Arbitrary/unknown amino acids (usually due to an unknown modification) can be
specified using tags preceded by X: “X[weight]”. This indicates a new amino
acid (“X”) with the specified weight, e.g. "RX[148.5]T"
. Note that this tag
does not alter the amino acids to the left (R) or right (T). Rather, X
represents an amino acid on its own. Be careful when converting such AASequence
objects to an EmpiricalFormula using getFormula()
, as tags will not be
considered in this case (there exists no formula for them). However, they have
an influence on getMonoWeight()
and getAverageWeight()
!
Proteins¶
Protein sequences can be accessed through the FASTAEntry
object and can be
read and stored on disk using a FASTAFile
:
from pyopenms import *
bsa = FASTAEntry()
bsa.sequence = "MKWVTFISLLLLFSSAYSRGVFRRDTHKSEIAHRFKDLGE"
bsa.description = "BSA Bovine Albumin (partial sequence)"
bsa.identifier = "BSA"
alb = FASTAEntry()
alb.sequence = "MKWVTFISLLFLFSSAYSRGVFRRDAHKSEVAHRFKDLGE"
alb.description = "ALB Human Albumin (partial sequence)"
alb.identifier = "ALB"
entries = [bsa, alb]
f = pyopenms.FASTAFile()
f.store("example.fasta", entries)
Afterwards, the protein sequences can be read again using:
from pyopenms import *
entries = []
f = FASTAFile()
f.load("example.fasta", entries)
print( len(entries) )
for e in entries:
print (e.identifier, e.sequence)
TheoreticalSpectrumGenerator¶
This class implements a simple generator which generates tandem MS spectra from a given peptide charge combination.

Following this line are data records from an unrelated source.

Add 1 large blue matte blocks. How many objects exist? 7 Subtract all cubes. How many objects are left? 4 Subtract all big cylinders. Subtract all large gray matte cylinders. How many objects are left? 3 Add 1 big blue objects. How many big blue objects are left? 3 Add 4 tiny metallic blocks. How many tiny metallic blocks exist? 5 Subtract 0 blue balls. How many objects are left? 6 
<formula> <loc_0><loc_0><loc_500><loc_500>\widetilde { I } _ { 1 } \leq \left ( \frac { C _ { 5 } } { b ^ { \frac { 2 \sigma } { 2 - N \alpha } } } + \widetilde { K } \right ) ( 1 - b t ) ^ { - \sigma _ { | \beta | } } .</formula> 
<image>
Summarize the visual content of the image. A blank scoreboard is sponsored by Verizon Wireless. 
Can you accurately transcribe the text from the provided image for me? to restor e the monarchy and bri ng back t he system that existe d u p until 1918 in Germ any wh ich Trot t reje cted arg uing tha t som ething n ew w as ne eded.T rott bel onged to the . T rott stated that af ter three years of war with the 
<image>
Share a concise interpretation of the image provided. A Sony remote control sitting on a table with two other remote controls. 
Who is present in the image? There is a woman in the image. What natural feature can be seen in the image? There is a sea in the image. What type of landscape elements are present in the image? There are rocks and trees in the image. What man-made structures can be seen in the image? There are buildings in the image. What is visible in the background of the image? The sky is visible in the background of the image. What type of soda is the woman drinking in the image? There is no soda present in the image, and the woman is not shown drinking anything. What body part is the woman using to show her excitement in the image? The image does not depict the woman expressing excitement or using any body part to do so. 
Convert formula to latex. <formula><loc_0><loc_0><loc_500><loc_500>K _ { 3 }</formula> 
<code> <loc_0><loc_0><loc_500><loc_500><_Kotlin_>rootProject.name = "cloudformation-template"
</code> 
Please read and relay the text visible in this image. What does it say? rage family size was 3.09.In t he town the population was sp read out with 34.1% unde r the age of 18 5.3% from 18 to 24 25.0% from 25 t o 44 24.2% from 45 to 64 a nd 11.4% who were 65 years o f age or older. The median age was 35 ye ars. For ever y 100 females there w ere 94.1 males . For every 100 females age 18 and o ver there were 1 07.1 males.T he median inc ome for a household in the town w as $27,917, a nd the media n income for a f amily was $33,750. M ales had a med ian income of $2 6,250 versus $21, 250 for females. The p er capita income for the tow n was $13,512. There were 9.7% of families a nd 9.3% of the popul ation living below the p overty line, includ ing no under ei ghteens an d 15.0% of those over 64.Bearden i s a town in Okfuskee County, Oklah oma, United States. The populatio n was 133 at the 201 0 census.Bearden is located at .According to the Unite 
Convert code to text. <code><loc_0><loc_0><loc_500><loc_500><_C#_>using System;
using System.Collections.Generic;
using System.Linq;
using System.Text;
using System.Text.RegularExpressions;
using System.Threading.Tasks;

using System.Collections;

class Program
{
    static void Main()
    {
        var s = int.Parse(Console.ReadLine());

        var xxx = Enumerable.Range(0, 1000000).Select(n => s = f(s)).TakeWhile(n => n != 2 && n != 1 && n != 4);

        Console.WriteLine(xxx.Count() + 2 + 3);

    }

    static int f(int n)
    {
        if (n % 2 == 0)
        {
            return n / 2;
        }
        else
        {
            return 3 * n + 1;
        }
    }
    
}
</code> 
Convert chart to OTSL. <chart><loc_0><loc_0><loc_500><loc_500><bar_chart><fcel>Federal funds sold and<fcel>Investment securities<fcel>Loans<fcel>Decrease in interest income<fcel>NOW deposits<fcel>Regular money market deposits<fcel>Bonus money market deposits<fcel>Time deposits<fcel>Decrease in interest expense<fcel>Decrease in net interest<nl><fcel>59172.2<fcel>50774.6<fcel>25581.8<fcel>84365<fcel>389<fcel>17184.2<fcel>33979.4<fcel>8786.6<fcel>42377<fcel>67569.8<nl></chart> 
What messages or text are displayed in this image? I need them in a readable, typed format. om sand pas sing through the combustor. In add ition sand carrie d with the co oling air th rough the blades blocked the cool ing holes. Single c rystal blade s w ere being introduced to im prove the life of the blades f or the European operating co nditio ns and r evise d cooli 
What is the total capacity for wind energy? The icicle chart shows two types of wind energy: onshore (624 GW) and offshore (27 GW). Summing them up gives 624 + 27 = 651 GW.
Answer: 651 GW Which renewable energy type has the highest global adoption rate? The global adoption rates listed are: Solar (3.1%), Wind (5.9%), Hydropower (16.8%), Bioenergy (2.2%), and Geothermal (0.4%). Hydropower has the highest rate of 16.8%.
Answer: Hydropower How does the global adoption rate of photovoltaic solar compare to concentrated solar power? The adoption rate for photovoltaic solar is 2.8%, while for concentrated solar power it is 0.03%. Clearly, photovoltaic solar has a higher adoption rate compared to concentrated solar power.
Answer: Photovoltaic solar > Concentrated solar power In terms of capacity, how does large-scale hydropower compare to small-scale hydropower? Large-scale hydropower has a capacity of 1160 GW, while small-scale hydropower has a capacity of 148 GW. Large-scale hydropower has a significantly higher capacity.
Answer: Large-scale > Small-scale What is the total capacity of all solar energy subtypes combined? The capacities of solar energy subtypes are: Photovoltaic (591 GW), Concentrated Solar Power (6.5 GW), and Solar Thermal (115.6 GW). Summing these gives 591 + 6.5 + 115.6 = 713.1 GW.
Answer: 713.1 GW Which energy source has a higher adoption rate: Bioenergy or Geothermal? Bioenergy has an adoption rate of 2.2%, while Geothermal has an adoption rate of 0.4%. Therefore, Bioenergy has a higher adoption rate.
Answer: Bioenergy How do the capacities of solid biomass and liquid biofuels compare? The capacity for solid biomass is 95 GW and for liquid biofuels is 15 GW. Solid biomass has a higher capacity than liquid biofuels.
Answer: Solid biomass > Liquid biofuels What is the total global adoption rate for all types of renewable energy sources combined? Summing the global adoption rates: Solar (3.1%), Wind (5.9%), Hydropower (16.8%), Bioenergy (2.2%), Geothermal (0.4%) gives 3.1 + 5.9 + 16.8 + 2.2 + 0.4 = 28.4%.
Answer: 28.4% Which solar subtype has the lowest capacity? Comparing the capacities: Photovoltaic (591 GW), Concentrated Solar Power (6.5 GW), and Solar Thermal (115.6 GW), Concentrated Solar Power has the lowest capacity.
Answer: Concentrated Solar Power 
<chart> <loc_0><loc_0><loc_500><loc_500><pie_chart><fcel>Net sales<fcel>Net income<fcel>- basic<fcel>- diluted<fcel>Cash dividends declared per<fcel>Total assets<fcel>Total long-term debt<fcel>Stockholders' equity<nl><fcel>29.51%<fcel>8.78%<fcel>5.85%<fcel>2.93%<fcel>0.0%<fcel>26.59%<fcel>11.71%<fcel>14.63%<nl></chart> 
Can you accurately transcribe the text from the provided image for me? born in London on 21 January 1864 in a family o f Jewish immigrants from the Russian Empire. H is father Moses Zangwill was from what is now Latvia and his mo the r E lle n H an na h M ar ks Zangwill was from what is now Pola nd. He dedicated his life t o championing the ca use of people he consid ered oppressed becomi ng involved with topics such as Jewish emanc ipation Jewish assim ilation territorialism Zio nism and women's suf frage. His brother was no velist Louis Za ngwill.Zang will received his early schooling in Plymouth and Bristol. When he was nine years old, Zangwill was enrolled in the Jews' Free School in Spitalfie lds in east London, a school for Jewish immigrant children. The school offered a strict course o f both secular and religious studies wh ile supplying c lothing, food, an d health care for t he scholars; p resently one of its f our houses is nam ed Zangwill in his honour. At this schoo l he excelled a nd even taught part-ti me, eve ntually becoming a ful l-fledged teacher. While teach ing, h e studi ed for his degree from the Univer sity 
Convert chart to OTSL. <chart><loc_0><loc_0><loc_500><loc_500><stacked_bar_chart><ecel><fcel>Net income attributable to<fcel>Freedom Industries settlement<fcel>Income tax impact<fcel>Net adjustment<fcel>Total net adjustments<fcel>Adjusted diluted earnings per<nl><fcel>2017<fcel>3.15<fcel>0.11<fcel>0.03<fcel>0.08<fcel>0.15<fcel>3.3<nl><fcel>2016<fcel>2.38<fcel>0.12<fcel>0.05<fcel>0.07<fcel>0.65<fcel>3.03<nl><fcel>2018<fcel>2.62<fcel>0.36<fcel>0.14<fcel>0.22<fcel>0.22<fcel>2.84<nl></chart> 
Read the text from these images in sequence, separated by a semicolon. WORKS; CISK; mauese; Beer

There are various options which influence the occurring ions and their intensities.
from pyopenms import *
tsg = TheoreticalSpectrumGenerator()
spec1 = MSSpectrum()
spec2 = MSSpectrum()
peptide = AASequence.fromString("DFPIANGER", True)
# standard behavior is adding b- and y-ions of charge 1
p = Param()
p.setValue("add_b_ions", "false", "Add peaks of b-ions to the spectrum")
tsg.setParameters(p)
tsg.getSpectrum(spec1, peptide, 1, 1)
p.setValue("add_b_ions", "true", "Add peaks of a-ions to the spectrum")
p.setValue("add_metainfo", "true", "")
tsg.setParameters(p)
tsg.getSpectrum(spec2, peptide, 1, 2)
print("Spectrum 1 has", spec1.size(), "peaks.")
print("Spectrum 2 has", spec2.size(), "peaks.")
# Iterate over annotated ions and their masses
for ion, peak in zip(spec2.getStringDataArrays()[0], spec2):
print(ion, peak.getMZ())
which outputs:
Spectrum 1 has 8 peaks.
Spectrum 2 has 30 peaks.
y1++ 88.0631146901
b2++ 132.05495569
y2++ 152.584411802
y1+ 175.118952913
[...]
The example shows how to put peaks of a certain type, y-ions in this case, into
a spectrum. Spectrum 2 is filled with a complete spectrum of all peaks (a-, b-,
y-ions and losses). The TheoreticalSpectrumGenerator
has many parameters
which have a detailed description located in the class documentation. For the
first spectrum, no b ions are added. Note how the add_metainfo
parameter
in the second example populates the StringDataArray
of the output
spectrum, allowing us to iterate over annotated ions and their masses.